6. ____: ____: Public Peace, Etc. An emergency clause added to a legislative act which does not state that it is a law "necessary for the immediate preservation of the public peace, health or safety" does not affect the question of the legality of its reference to the voters. [WALKER, C.J., dissenting.]
7. ____: ____: To What Acts Applicable. The words of Section 57 of Article IV of the Constitution declaring that the people reserve to themselves "power at their own option to approve or reject any act" of the Legislature are important, and they mean that any act passed by the Legislature, whether or not it contains an emergency clause, may be referred to the people unless it is, in fact, a law "necessary for the immediate preservation of the public peace, health or safety" or is an appropriation bill of the kind mentioned in said Section 57. [WALKER, C.J., dissenting.]

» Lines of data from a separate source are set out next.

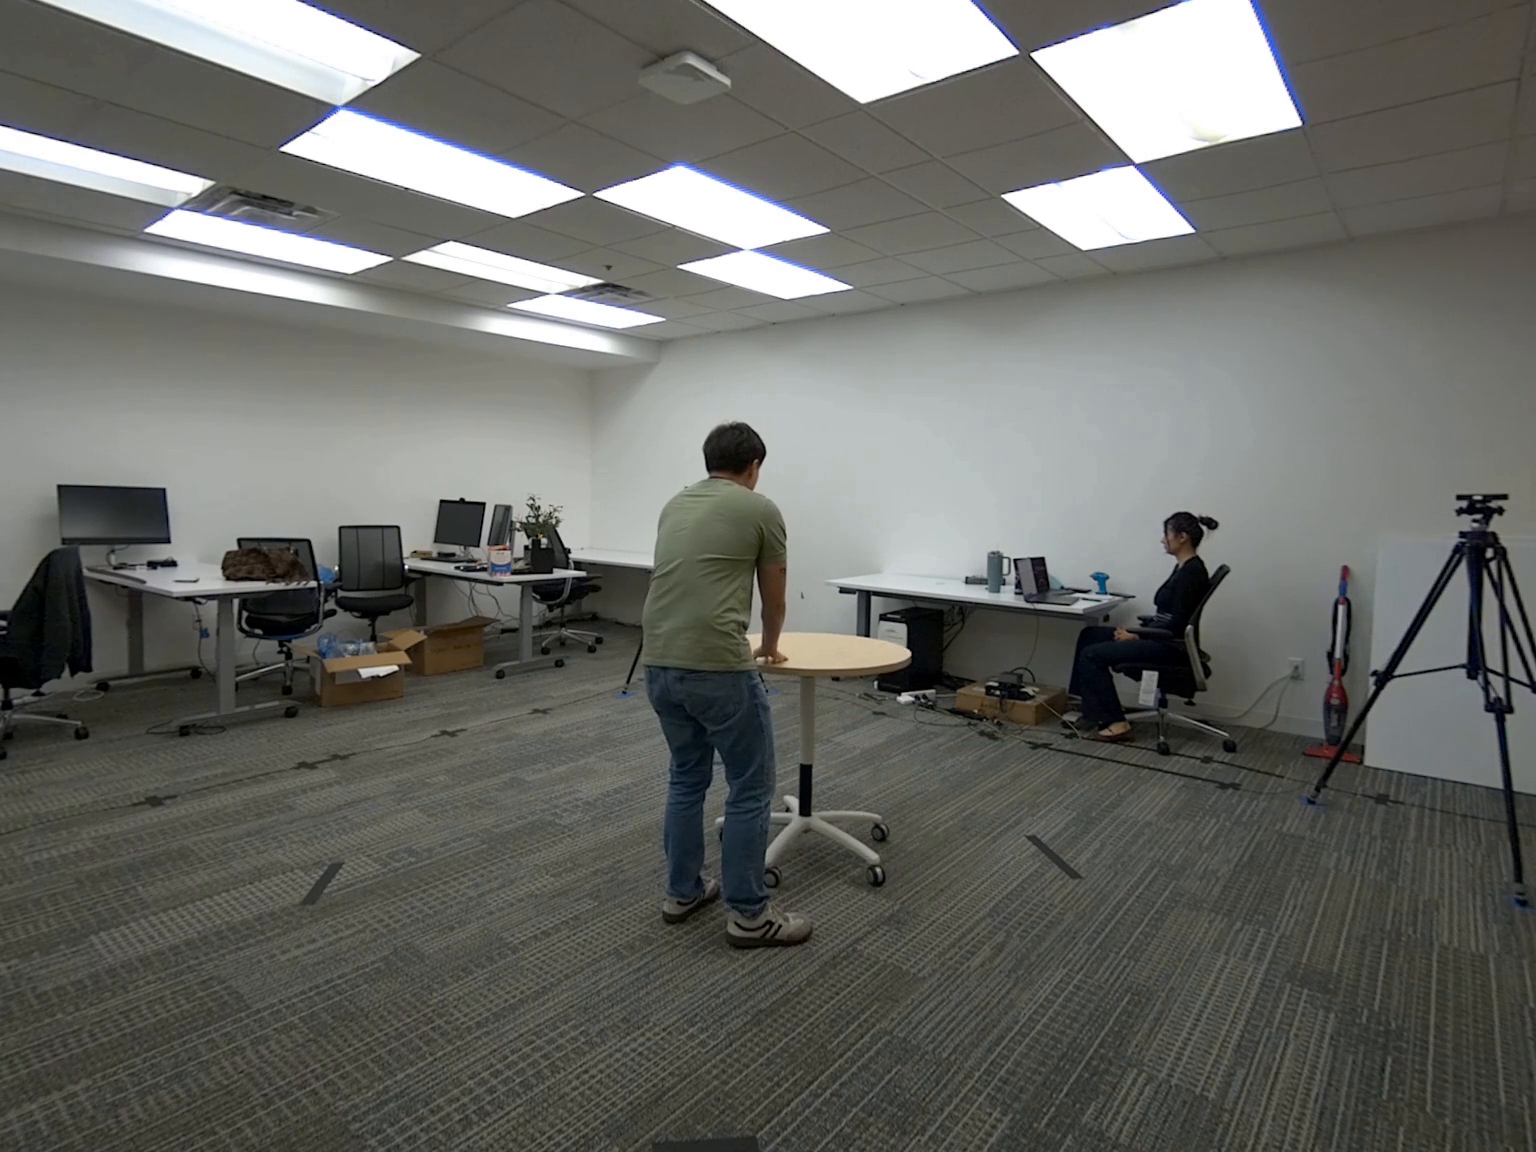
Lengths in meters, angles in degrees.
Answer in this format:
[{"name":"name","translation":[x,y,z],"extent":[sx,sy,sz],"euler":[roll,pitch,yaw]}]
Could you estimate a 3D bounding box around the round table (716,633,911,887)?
[{"name":"round table","translation":[0.138,0.667,3.254],"extent":[0.763,0.792,0.767],"euler":[1,3,-2]}]
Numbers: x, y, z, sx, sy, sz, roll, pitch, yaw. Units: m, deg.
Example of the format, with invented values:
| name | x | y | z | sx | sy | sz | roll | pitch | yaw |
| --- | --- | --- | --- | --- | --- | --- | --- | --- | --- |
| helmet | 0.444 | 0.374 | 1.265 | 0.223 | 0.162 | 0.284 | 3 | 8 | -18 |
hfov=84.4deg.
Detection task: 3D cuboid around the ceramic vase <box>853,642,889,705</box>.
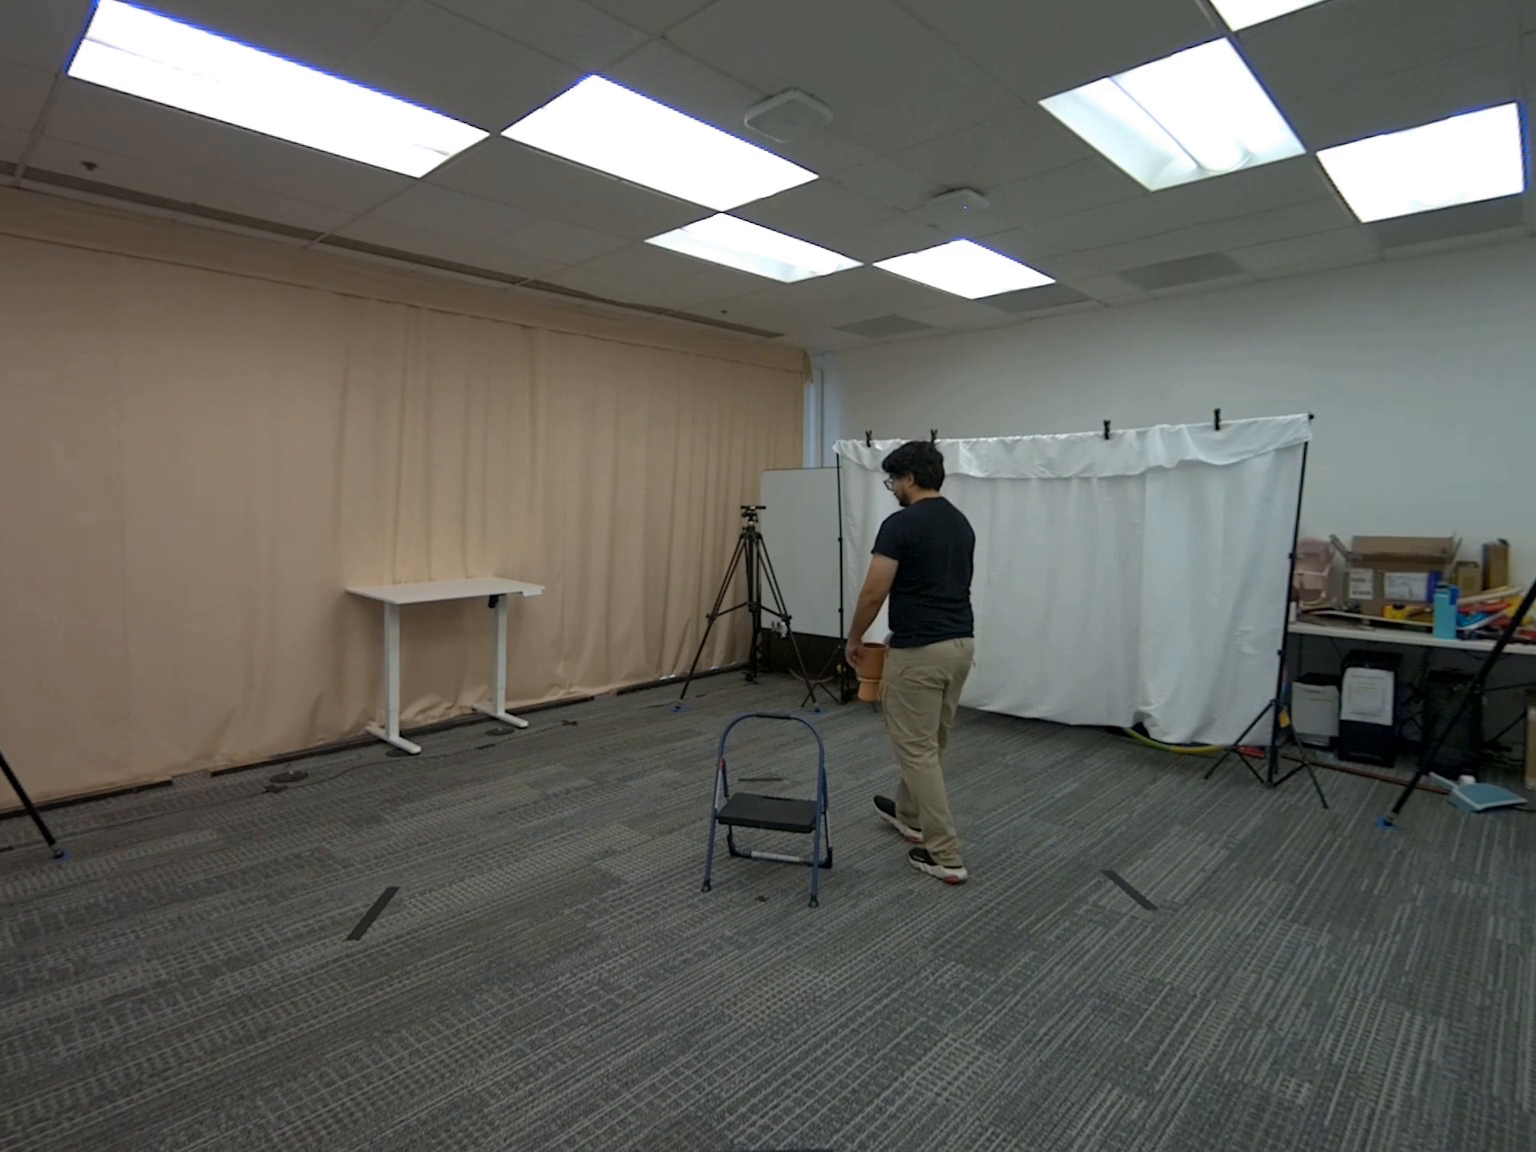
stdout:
| name | x | y | z | sx | sy | sz | roll | pitch | yaw |
| --- | --- | --- | --- | --- | --- | --- | --- | --- | --- |
| ceramic vase | 0.445 | 0.397 | 3.473 | 0.158 | 0.219 | 0.135 | 3 | 6 | -2 |

8. ____: ____: Immediate Force and Effect of Legislative Act. The force and effect of Sections 57 and 36 of Article IV of the Constitution, when read together, as they must be in order to harmonize them, is to withdraw from the Legislature, power, by an emergency clause or otherwise, to put into immediate effect and operation any measure subject to the referendum. Section 57, by declaring that "any act" may be referred except laws specifically excepted by it, covers measures which prior to its adoption were subject to an emergency clause; and all measures not excepted by section 57 are not subject to an emergency clause, but become effective only at the end of ninety days after adjournment of the session, and not then if proper referendum petitions haye been filed. [WALKER, C.J., dissenting.]

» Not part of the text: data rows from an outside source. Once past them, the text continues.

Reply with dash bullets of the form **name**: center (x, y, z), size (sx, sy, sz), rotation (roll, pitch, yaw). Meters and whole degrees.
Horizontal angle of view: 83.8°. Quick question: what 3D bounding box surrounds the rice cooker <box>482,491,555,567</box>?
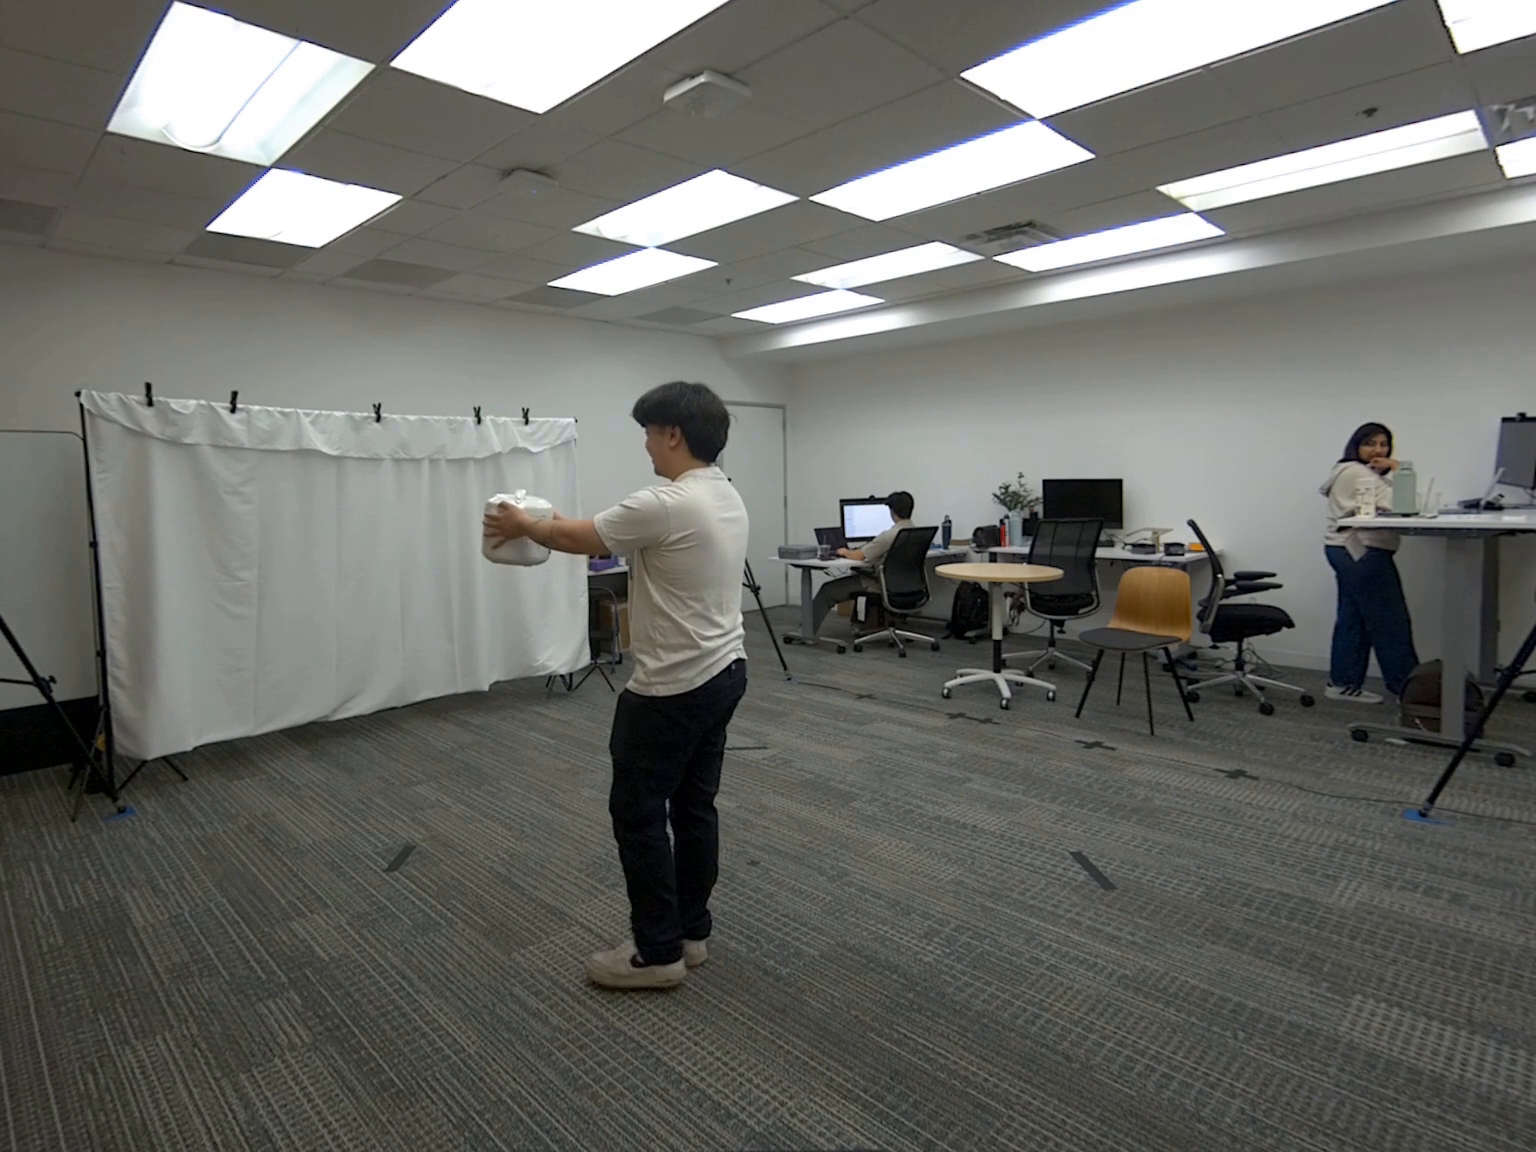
- **rice cooker**: center (-0.786, -0.157, 2.704), size (0.216, 0.231, 0.224), rotation (5, 9, -9)
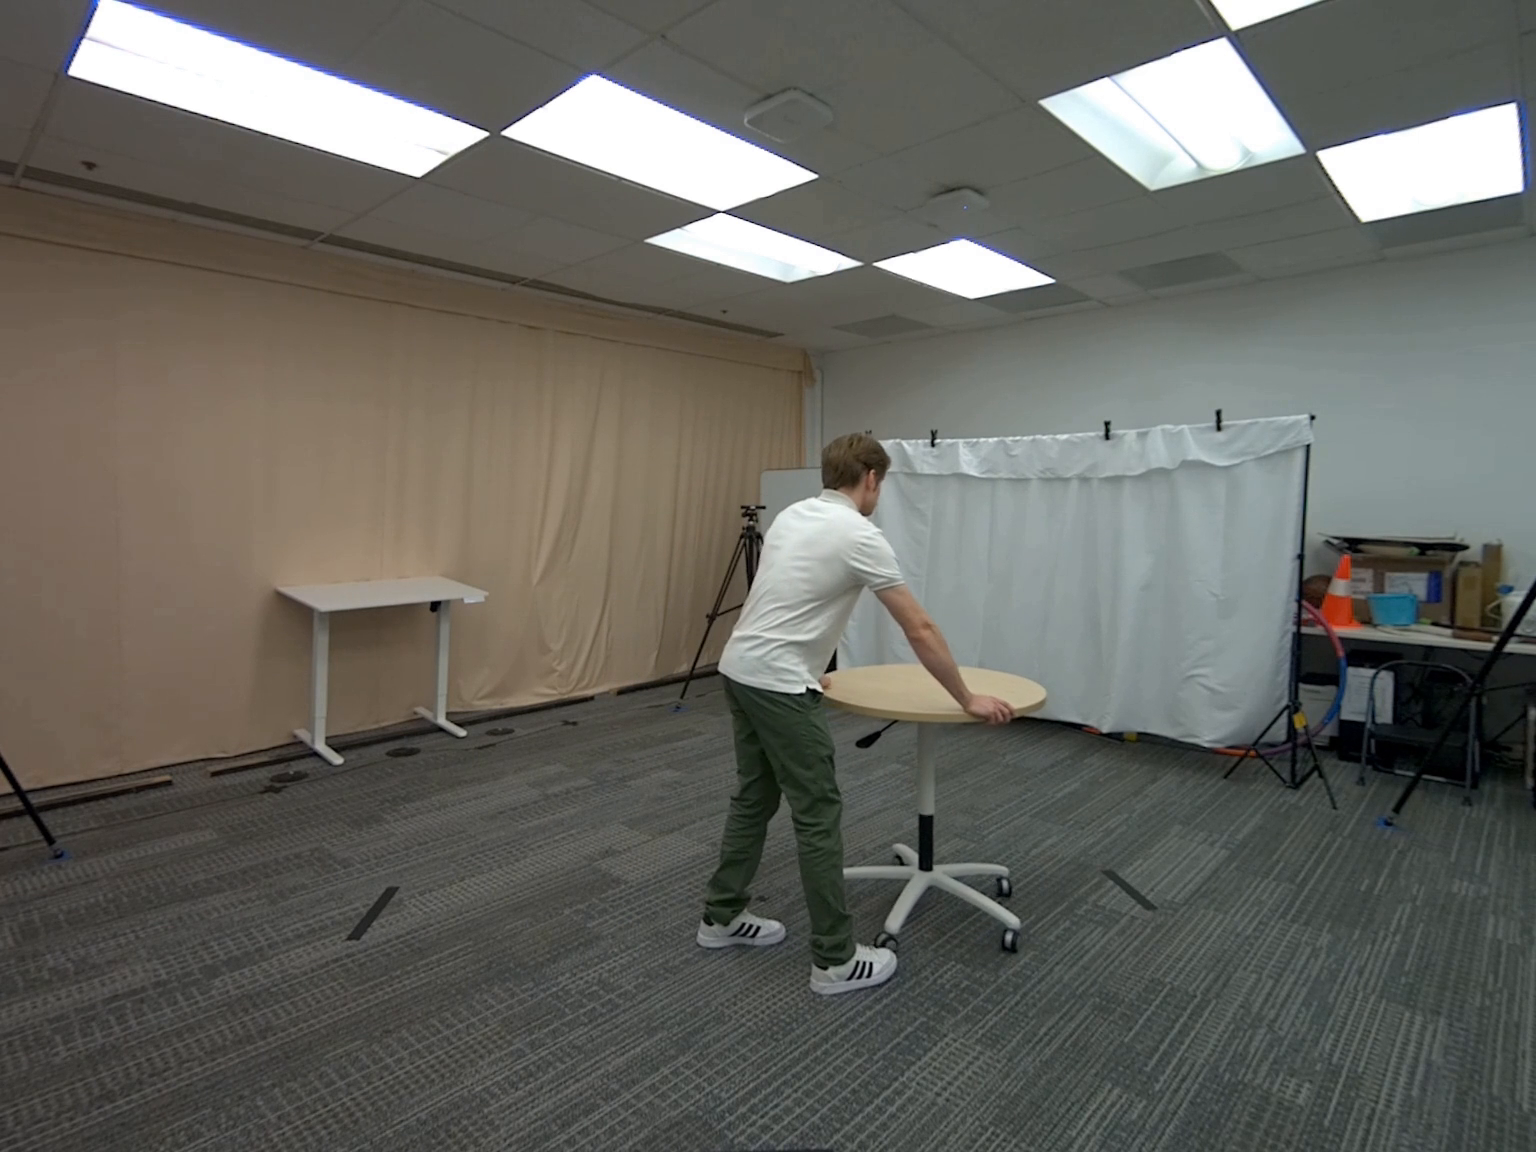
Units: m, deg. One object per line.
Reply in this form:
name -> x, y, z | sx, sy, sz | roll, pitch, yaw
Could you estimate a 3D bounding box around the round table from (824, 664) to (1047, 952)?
round table -> 0.547, 0.765, 2.888 | 0.763, 0.792, 0.767 | 0, 4, -2

9. ____: ____: ____: Oregon Decision. Missouri borrowed the initiative-and-referendum provision of her Constitution from Oregon, and borrowed it after the ruling of the Supreme Court of that State in Sears v. Multomah County, 49 Ore. l.c. 44, and therefore the ruling in that case becomes very material as an interpretation of the provision; and in that case, in construing sections of the Oregon Constitution similar in all respects to Sections 36 and 57 of the Missouri Constitution, the Supreme Court of Oregon ruled that no legislative act subject to referendum can be put into force by the Legislature until the ninety days in which referendum petitions may be filed have expired, and that the adding of an emergency clause to the act will not have the effect of putting it into immediate operation. It is, therefore, held, that the Legislature cannot give immediate effect to any measure subject to referendum, by an emergency clause or otherwise, but that all acts of the Legislature except those "necessary for the immediate preservation of the public peace, health or safety," etc., are suspended in their operation for ninety days after the adjournment of the session of the Legislature at which they are enacted and, if proper referendum petitions are filed within the ninety days, until they are approved by the votes of the people; but, by an emergency clause, the Legislature may give immediate effect to non-referable laws. This is the meaning of Sections 36 and 57 of Article IV of the Constitution when read together. [WALKER, C.J., dissenting.]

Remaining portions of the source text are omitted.